Handal et al. reported that Gram-positive microorganisms are more susceptible to lower concentrations of tetracycline (doxycycline in MTAD) than Gram-negative ones.[29] Fujii et al. stated the efficacy of doxycycline in endodontic application may be questionable as Gram-negative species dominate established infections.[30] Mohammadi proposed that the antibacterial effect of MTAD is attributed largely to doxycycline, a primary component that is included to inhibit bacteria. However, resistance to doxycycline (tetracycline isomer) is not uncommon among the bacteria isolated from root canals, and the antibiotic has a narrow spectrum.[31]

The combination surfactant regimen of 0.5% CTR and 1% SDS with 2% CHX was chosen based on experimental data and previous results obtained.[32] Both combinations (0.5% CTR +2% CHX) and (1% SDS +2% CHX) had an effective kill of 99.90% as compared to 2% CHX (99%) and MTAD (95%). The possible explanation could be due to surfactants intrinsic antimicrobial activity, lower surface tension, and organic solvent ability that could account for its synergism with CHX.

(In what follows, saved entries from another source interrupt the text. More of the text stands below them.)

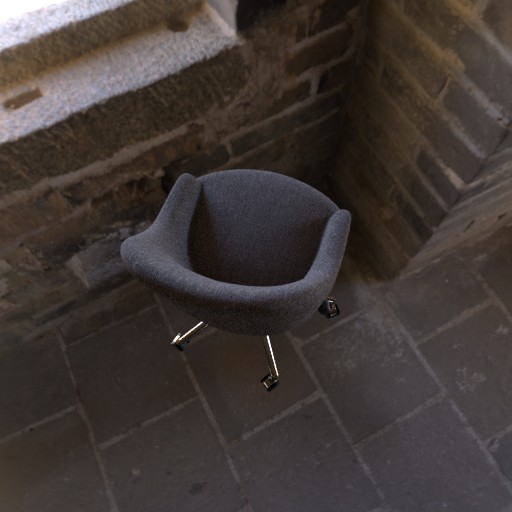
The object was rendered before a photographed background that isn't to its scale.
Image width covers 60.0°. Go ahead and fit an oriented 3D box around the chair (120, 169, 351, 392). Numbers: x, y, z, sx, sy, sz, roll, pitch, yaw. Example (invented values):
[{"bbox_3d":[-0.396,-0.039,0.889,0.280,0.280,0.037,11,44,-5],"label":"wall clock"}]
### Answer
[{"bbox_3d":[0.000,0.000,1.405,0.671,0.950,0.712,14,64,7],"label":"chair"}]
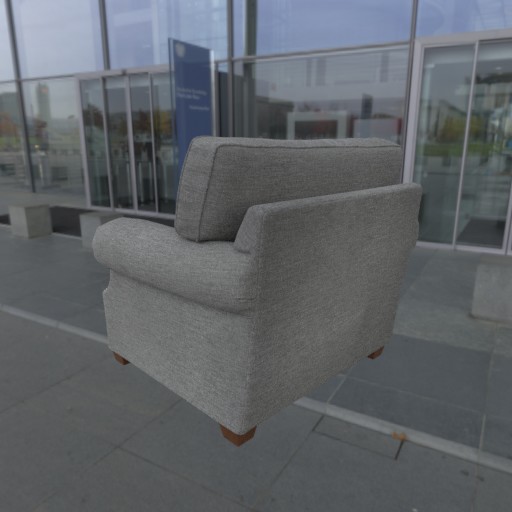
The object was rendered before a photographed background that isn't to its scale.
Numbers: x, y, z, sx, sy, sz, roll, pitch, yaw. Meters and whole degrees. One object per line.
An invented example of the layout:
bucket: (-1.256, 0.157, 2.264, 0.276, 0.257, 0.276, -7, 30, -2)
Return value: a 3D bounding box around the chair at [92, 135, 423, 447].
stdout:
chair: (0.000, 0.000, 1.842, 1.092, 0.961, 0.965, -14, 21, -43)
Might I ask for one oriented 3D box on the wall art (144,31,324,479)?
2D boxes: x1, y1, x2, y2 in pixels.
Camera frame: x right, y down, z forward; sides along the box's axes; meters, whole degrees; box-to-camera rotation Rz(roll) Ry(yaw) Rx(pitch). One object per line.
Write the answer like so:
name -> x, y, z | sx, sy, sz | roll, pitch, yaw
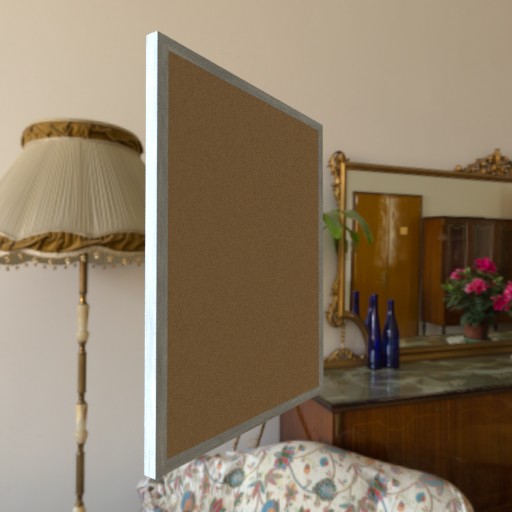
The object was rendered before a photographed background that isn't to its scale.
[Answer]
wall art -> 0.000, 0.000, 0.776 | 0.022, 0.582, 0.479 | -1, -1, 35
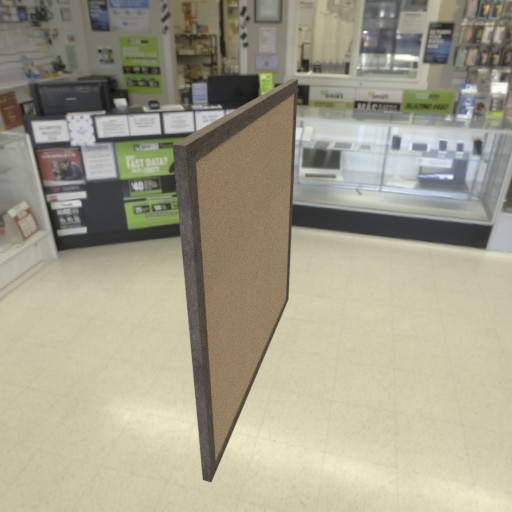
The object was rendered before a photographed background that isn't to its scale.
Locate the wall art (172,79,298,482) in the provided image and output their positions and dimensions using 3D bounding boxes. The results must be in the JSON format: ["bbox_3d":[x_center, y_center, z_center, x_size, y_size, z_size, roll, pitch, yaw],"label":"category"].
[{"bbox_3d":[0.000,0.000,0.683,0.013,0.457,0.457,8,30,15],"label":"wall art"}]
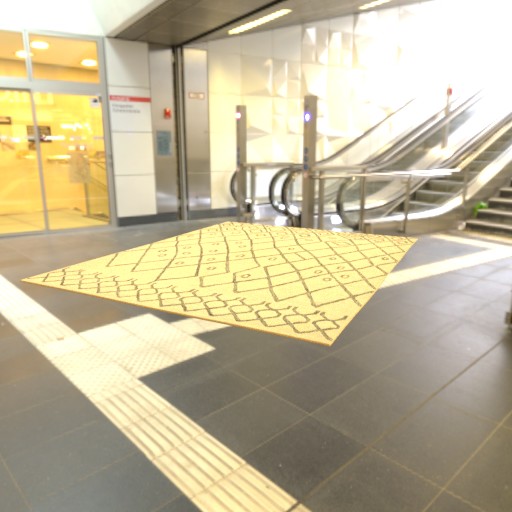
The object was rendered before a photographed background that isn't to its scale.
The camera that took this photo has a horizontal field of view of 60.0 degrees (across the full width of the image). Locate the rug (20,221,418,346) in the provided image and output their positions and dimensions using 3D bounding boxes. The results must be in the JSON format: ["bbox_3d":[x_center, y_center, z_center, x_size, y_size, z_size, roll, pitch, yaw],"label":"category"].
[{"bbox_3d":[0.000,0.000,4.112,2.446,0.015,3.046,7,16,27],"label":"rug"}]
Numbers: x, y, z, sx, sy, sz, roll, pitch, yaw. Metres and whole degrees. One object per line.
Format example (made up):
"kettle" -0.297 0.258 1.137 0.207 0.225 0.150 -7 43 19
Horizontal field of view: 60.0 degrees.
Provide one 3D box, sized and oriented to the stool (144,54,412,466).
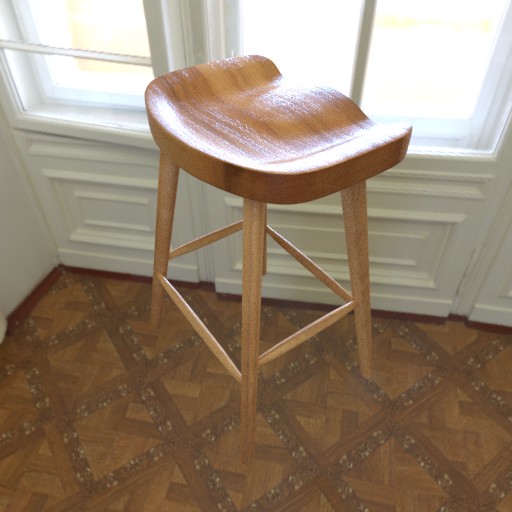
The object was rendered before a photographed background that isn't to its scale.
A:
"stool" 0.000 0.000 0.873 0.361 0.615 0.440 -25 48 -25
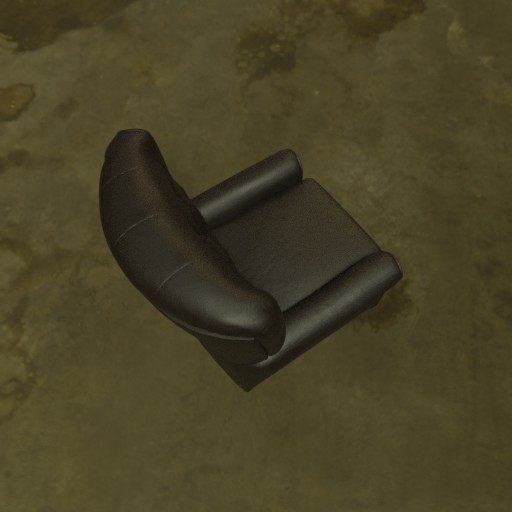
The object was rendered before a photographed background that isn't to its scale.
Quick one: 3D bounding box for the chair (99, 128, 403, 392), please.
[{"bbox_3d":[0.000,0.000,1.954,1.058,1.158,0.948,-30,65,-16],"label":"chair"}]
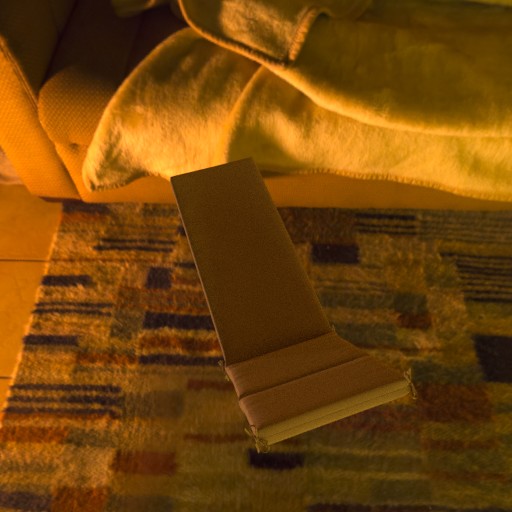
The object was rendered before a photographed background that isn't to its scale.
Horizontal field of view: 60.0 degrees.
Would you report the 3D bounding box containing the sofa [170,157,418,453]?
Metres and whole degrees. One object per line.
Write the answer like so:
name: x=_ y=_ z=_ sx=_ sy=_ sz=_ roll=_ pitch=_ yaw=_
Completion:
sofa: x=0.000 y=0.000 z=2.007 sx=0.582 sy=0.622 sz=1.663 roll=-16 pitch=59 yaw=-10
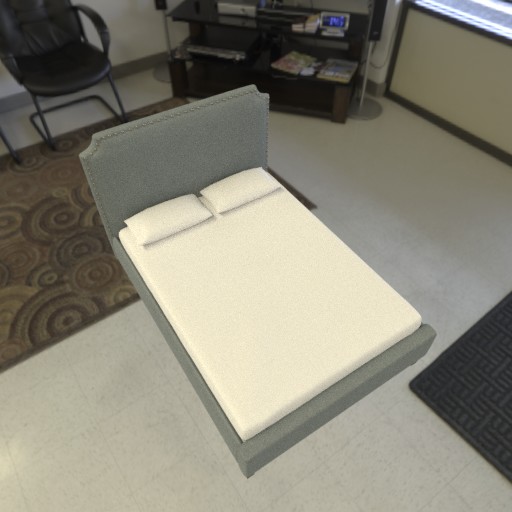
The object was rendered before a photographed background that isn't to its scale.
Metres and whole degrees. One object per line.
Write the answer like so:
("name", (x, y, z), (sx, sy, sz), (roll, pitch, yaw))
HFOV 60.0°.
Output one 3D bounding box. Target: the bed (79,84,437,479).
("bed", (0.000, 0.000, 3.441), (1.712, 1.443, 2.372), (-26, 53, -21))
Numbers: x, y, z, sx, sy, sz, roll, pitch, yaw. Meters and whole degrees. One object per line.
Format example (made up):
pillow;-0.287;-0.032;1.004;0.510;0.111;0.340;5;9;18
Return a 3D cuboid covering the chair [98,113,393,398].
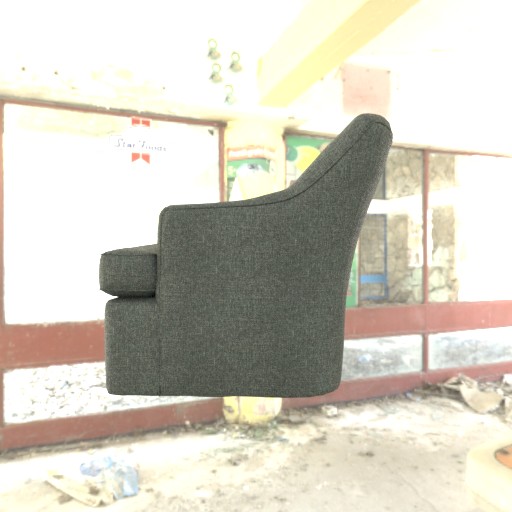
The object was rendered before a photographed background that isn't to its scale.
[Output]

Surfactants CTR and SDS showed promising antibacterial activity even at lower concentrations.[33] The cationic environment of the CTR molecule encourages linking with anionic compound at the bacterial surface and is capable of altering the cytoplasmic membrane integrity. Inactivation of the enzymes of cytoplasmic membrane results in protein denaturation and cell death. CTR is noncytotoxic and has been used as endodontic irrigant.[34] SDS is an anionic alkyl sulfate; has the properties of low-surface tension, can solubilize proteins, increases LPS disaggregation, and inhibits bacterial coaggreagation; which could account for its antimicrobial activity.[35]

The results of our study were in accordance with Jungbluth et al., who stated chlor-xtra (6% NaOCl + surface modifiers) did not result in greater antimicrobial activity or soft-tissue dissolution by the addition of surfactants.[36] IKI with surfactant combinations yielded a lesser antimicrobial activity as compared with IKI alone. This could be due to interaction of IKI with the organic surfactants limiting its antimicrobial effect.[37] Giardino et al. stated that cetrexedin (0.2% CTR +0.2% CHX) has the lowest surface tension value; thus increasing the intimate contact of irrigant solution with the dentinal walls, thus permitting deeper penetration of the irrigant.[38] Baca et al. stated that 2% CHX +0.2% CTR would be an effective alternative as final irrigation regimen given its antimicrobial action over time.[39]

The results of our study were not in accordance with Portenier et al., who compared the antimicrobial activity of MTAD to that of CHX digluconate and found MTAD and CHX were equally effective in killing E. faecalis. The presence of dentine or bovine serum albumin delayed killing by both medicaments.[40] Estrela found 2% NaOCl could eliminate most microorganisms individually and in mixed composition while 2% CHX failed even after an initial contact time after 5 min by direct contact assay.[41]

MTAD as per manufacturer's instructions requires 1.3% NaOCl to be employed initially followed by a final rinse of MTAD for 5 min.[42] NaOCl and MTAD have failed individually to achieve complete elimination thus raising concerns about this regimen in the current clinical scenario.[4344] Our experimental data are of clinical significance and suggests the use of surfactants 0.5% CTR or 1% SDS with 2% CHX, contribute to the organic solvent property (CHX lacks), and potentiate the substantive antimicrobial activity of CHX.[45]

CONCLUSION

Our study utilized the quality control strain of VRE to find an alternative to MTAD. The combination regimens proved to be effective over MTAD. In the challenging field of endodontics, the use of clinical strain of VRE and biofilms will enable us to arrive at a concrete picture of this experimental surfactant regimen.

Financial support and sponsorship

Nil.

Conflicts of interest

The authors of this manuscript declare that they have no conflicts of interest, real or perceived, financial or nonfinancial in this article.